The policy of airport managers of protecting Petrolot’s monopoly is very short-sighted Fuel costs constitute a substantial item in air carriers’ costs, especially budget airlines. The price demanded for fuel is discouraging airlines from opening new connections, while budget carriers are resigning from plans they may have had to open their bases in Polish ports. The outcome is that the number of serviced arrivals and cleared passengers which are fundamental item in a port’s revenue, is growing more slowly that was possible should competition existed among fuel suppliers.

The situation of PLL LOT, the national carrier, is still far from clear. The State Treasury presently owns 67.97 pct of PLL LOT shares, the official receiver of SAirlines BV bankruptcy assets – 25.1 pct, while the remaining 6.93 pct of the shares is the property of the airline’s workers.
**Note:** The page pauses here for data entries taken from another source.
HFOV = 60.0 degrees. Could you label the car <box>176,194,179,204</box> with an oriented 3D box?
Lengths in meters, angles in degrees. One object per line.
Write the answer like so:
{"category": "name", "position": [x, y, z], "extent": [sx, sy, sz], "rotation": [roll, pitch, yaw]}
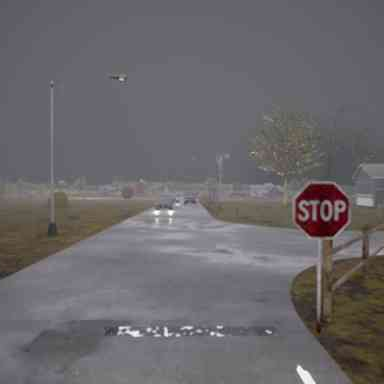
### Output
{"category": "car", "position": [-3.213, 1.062, 55.753], "extent": [2.097, 1.767, 4.553], "rotation": [0, 0, 0]}

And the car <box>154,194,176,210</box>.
{"category": "car", "position": [-3.108, 1.242, 37.615], "extent": [1.837, 1.490, 4.892], "rotation": [0, 1, 0]}

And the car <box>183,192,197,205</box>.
{"category": "car", "position": [-0.263, 1.222, 50.902], "extent": [1.837, 1.490, 4.892], "rotation": [0, 0, -1]}
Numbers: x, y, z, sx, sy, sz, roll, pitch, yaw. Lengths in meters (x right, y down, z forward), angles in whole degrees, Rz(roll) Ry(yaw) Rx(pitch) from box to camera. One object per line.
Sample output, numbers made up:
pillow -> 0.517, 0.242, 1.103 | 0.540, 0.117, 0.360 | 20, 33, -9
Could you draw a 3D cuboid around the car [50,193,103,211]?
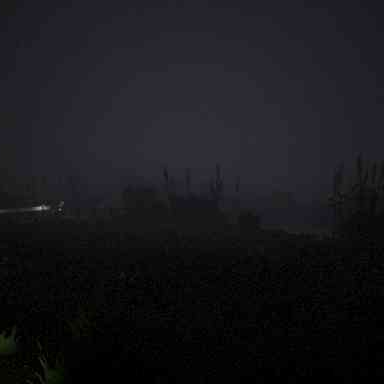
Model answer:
car -> -10.527, 0.961, 30.377 | 2.097, 1.767, 4.553 | 0, 3, 40
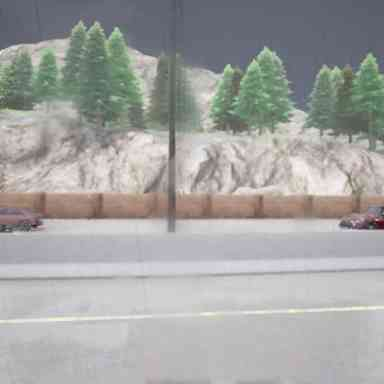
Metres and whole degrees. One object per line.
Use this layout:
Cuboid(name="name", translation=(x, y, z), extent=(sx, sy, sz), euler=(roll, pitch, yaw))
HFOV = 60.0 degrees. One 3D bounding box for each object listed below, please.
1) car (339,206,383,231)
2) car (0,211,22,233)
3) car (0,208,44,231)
Cuboid(name="car", translation=(11.439, 1.657, 20.327), extent=(4.553, 1.767, 2.097), euler=(1, -1, -9))
Cuboid(name="car", translation=(-9.909, 1.633, 14.067), extent=(4.181, 1.385, 1.994), euler=(1, -1, -6))
Cuboid(name="car", translation=(-11.598, 1.692, 20.926), extent=(4.181, 1.385, 1.994), euler=(1, -1, -6))
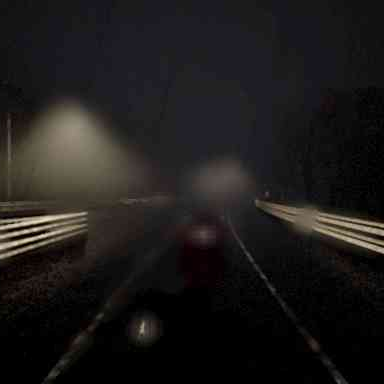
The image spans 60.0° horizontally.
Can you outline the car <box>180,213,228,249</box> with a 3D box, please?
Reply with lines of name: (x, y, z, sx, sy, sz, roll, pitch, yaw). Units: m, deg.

The Treasury has reached agreement with the receiver and has established the principles under which LOT can enter the Stock Exchange, which is to take place this year. The agreement reached with the receiver is a positive step towards privatisation. The most beneficial for LOT would be for the Treasury to sell all its owned shares which would notably raise the appraisal of the company’s assets.
The “open sky” agreement reached between the USA and European Union became valid at the turn of March this year, liberalising trans-Atlantic air traffic and forcing airlines to compete. Till now servicing those flights was implemented only by national carriers by bilateral international contracts. The “open sky” agreement eliminates all restrictions concerning routes, prices and the weekly number of flights, but the benefits of those changes will surely not be felt straight away.